The StringUtil.getFromUnicode(...) function works incorrectly on the symbols with code > 127.
Created attachment 2345 [details] Now getting from Unicode correctly
Getting the symols from Unicode more accuratly with the lower half.
It is the patch. Sorry for double message. I forgot to mark the previous path as [PATCH]. Here the code: Index: src/java/org/apache/poi/util/StringUtil.java =================================================================== RCS file: /home/cvspublic/jakarta- poi/src/java/org/apache/poi/util/StringUtil.java,v retrieving revision 1.2 diff -r1.2 StringUtil.java 147,155c147,154 < byte[] bstring = new byte[len]; < int index = offset + 1; < // start with low bits. < < for (int k = 0; k < len; k++) { < bstring[k] = string[index]; < index += 2; < } < return new String(bstring); --- > > char[] chars = new char[ len ]; > for ( int i = 0; i < chars.length; i++ ) { > chars[i] = (char)( string[ offset + ( 2 * i ) ] + > ( string[ offset + ( 2 * i + 1 ) ] << 8 ) ); > } > > return new String( chars );
Thank you for this patch. In the future please remember to add yourself to the @author tags. I have applied it and committed it, please cross-check. As a suggestion it would be good to have a unit test demonstrating the failed condtion that this fixes (such as russian text for instance) check under src/testcases/org/apache/poi/hssf to see how easy it is to create such unit tests.

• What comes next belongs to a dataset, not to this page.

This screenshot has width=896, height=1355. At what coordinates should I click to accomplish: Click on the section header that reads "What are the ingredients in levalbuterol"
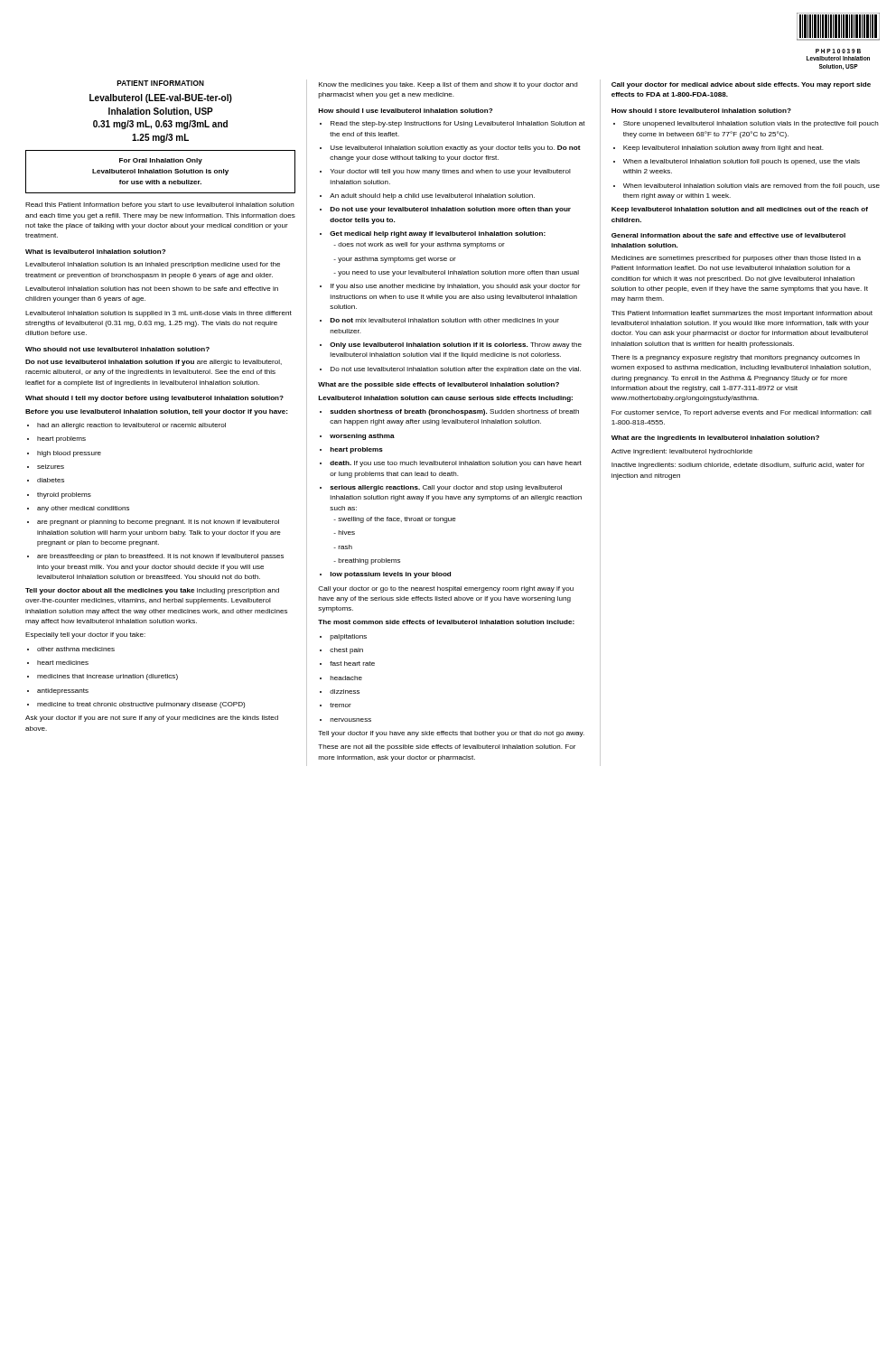click(715, 438)

Thanks, -Andy
I attempted to apply this however it caused a unit test to fail: Running org.apache.poi.util.TestShortList Tests run: 18, Failures: 0, Errors: 0, Time elapsed: 0.721 sec Running org.apache.poi.util.TestStringUtil Tests run: 1, Failures: 1, Errors: 0, Time elapsed: 0.631 sec BUILD FAILED D:\andy\homestuff\jakarta-poi2\2\jakarta-poi\tools\cents\junit.cent\xbuild.xml:5 9: Test org.apache.poi.util.TestStringUtil failed Total time: 4 minutes 1 second Please run "./build.sh clean compile test". Once you've corrected this, please resubmit it and I'll apply it. Thanks.